Appellant and appellees were the owners of adjoining tracts of land, that owned by appellant containing eighty acres, and that owned by appellees containing twenty acres. Both tracts were occupied as farm lands, though there were no houses on either tract, nor any fences, as they were within the limits of a fencing district. The lands had been in cultivation for many years, and the strip in controversy lies along the line between the two tracts. Both parties claim title to the strip by reason of a dispute as to the correct survey. Originally, appellant had possession of this strip, and it was conceded to be within the limits of her boundary; but it seems that some years ago appellees caused the land to be resurveyed by the county surveyer, who made a change in the boundary which placed this strip in controversy. Either the surveyor, or appellees themselves, or some one for them, moved the stone markers and placed them oh the line as corrected by the surveyor, and thereafter appellees claimed the land and asserted that they have been continuously in possession since that time. Appellant testified that she knew nothing about the re-survey and had no notice of the change in the possession, supposing that the tenant who rented from both parties was still paying her rent on the land. During the summer before the commencement of this action she received information'of appellees’ claim of title and possession. Early in the spring of 1912, after appellees, through their servants or agents, had made some preparation toward the cultivation of the land by knocking the stalks, appellant, through her servants, went upon the land in controversy and took possession and began plowing the land preparatory to planting it. During the time that appellant’s servants were plowing the land, some of the appellees come to the place and made objection to further acts of possession. There is a controversy in the testimony as to whether there was any show of threats and force. One of the appellee testified that he went there while appellant’s agents were plowing the land and protested against it, and that appellant’s brother, who was there, replied that “if he didn’t cultivate it, no d................ man would.” The witnesses for appellant who were present at the time testified that no such conversation occurred, and that there was no force or threats of any kind used; in other words, that the possession was taken and held in an entirely peaceable manner.
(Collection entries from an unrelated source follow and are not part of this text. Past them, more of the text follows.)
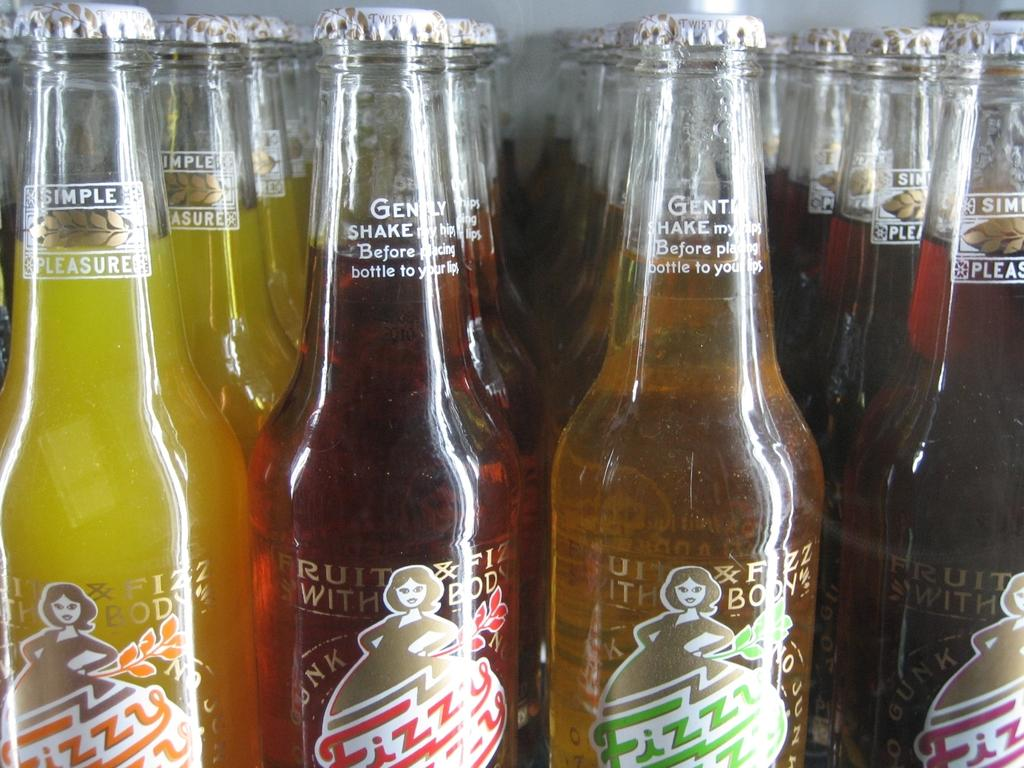Provide a one-sentence caption for the provided image. four different colored bottles of Fizzy brand soda. 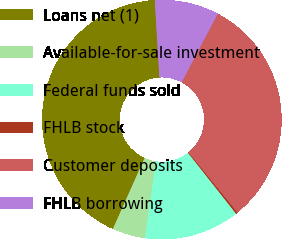Convert chart to OTSL. <chart><loc_0><loc_0><loc_500><loc_500><pie_chart><fcel>Loans net (1)<fcel>Available-for-sale investment<fcel>Federal funds sold<fcel>FHLB stock<fcel>Customer deposits<fcel>FHLB borrowing<nl><fcel>42.37%<fcel>4.45%<fcel>12.88%<fcel>0.24%<fcel>31.4%<fcel>8.66%<nl></chart> 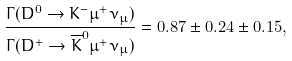Convert formula to latex. <formula><loc_0><loc_0><loc_500><loc_500>\frac { \Gamma ( D ^ { 0 } \rightarrow K ^ { - } \mu ^ { + } \nu _ { \mu } ) } { \Gamma ( D ^ { + } \rightarrow { \overline { K } } ^ { 0 } \mu ^ { + } \nu _ { \mu } ) } = 0 . 8 7 \pm 0 . 2 4 \pm 0 . 1 5 ,</formula>

The court gave the following instruction over appellant’s objection, which is assigned as error.

“If you believe from the evidence that plaintiffs were in the peaceable possession of the- premises sued for, and that while they were so in possession defendants entered upon such possession without the consent and against the will of the plaintiffs, and still holds such possession, you will find for the plaintiffs.”

The court also gave the following instruction, which is assigned as error:

“It is not necessary to maintain this cause that the defendant should actually use force against the person of the plaintiffs or either of them.”

The court also refused the following instructions requested by appellant:

“1. Constructive possession or evidence that plaintiffs are entitled to possession is not enough to justify a recovery by them in this suit. It must appear that the taking of possession or the subsequent holding was with force and strong hand. This force must be actual and not implied.”
“2. If you believe from the evidence that the defendant took and held possession peaceably, though unlawfully, claiming to be the owner of the land, then the plaintiff can not recover in this suit.”
“4. You are instructed that if you believe, from the evidence in this case, Mrs. Miller took peaceable possession of the land and not by force or violence, and that she thereafter held it, claiming to be the owner of the land, then the plaintiff can not recover in this action.”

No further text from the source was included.